After review of the record before it, the Court finds that plaintiff makes a prima facie showing of entitlement to partial summary judgment on the issue of liability under the §240(1) claim.
Initially the Court notes that there is no contention that plaintiff is not included in the class of workers the statute aims to protect, nor is there any argument presented that the type of work plaintiff was performing at the time of the accident, is not work covered by the statute. Further, the Court finds that the plaintiff establishes that §240(1) was violated because "the failure to secure a ladder to insure that it remains stable and erect while the plaintiff was working on it constitutes a violation of Labor Law § 240 (1) as a matter of law (Hill v City of New York, 140 AD3d 568, 569 [1st Dept 2016]). Here, it is undisputed that the ladder upon which plaintiff was working suddenly moved and fell into a gap causing plaintiff to fall. Additionally, the court finds that said violation was a proximate cause of plaintiff's fall and resulting injuries claimed.

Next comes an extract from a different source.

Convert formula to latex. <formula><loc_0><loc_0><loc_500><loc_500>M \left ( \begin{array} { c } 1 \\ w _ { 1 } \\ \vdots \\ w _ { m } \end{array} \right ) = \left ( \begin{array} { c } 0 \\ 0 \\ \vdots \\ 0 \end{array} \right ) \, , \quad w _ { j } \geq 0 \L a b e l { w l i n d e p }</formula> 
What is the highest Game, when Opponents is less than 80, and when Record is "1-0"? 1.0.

The court finds that defendants' opposition to the motion fails to raise any issue of fact. Defendants content that plaintiff's motion should be denied, or that the §240(1) claim should be dismissed because plaintiff own action (failing to wear a safety harness) was the sole proximate cause of the accident, and that plaintiff was a recalcitrant worker because plaintiff failed to wear a safety harness. The Court finds these arguments to be unpersuasive.

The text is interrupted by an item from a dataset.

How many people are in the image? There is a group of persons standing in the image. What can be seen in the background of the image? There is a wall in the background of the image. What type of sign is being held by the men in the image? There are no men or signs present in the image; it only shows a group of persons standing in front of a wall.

Initially, plaintiff's failure to use a harness amounts, at most, to comparative negligence, which is not a defense to a Labor Law §240(1) claim (Kehoe v. 61 Broadway Owner LLC, 186 AD3d 1143 [1st Dep't., 2020]). Therefore, defendants' sole proximate cause defense is without merit.
Regarding the recalcitrant worker defense, defendants would need to establish that plaintiff deliberately refused to use available and visible safety devices in place at the workstation (Harris v. Rodriguez, 281 AD2d.158 [1st Dep't., 2001]). Here, a review the record [*6]reveals that defendant fails to establish either of these two prongs. First, defendant fails to establish that plaintiff was ever specifically instructed to wear a harness when he was working on a ladder. Instead, plaintiff undisputed testimony establishes that during the safety orientation program, harnesses were not discussed. Further plaintiff repeatedly testified that Delfino would decide when harnesses were necessary, and instructed plaintiff not to ask for harnesses so as to avoid wasting time. Additionally, Harrigan testified that he was not familiar with the sixth-floor area where plaintiff's accident occurred, and further testified that the things like harnesses were kept in a shanty located in the basement or the first floor. Therefore, defendant has failed to present any evidence that plaintiff deliberately refused to use a harness that was available and visible on the sixth-floor workstation where plaintiff's accident occurred.
In light of the foregoing, plaintiff's motion is granted, and defendants cross-motion is denied. Thus, it is hereby:
ORDERED, that plaintiff is granted partial summary judgment on the issue of liability against defendants on plaintiff's claim under Labor Law §240(1); and is further,
ORDERED, that the clerk shall enter a partial judgment accordingly; and it is further:
ORDERED, that the parties shall appear for a pre-trial conference in part 21, room 405 at 9:30 a.m. on March 31, 2025, and it is further:
ORDERED, that plaintiff shall serve a copy of this order with notice of entry, upon defendants, within 30 days of the entry date hereof.
This constitutes the decision and order of the Court.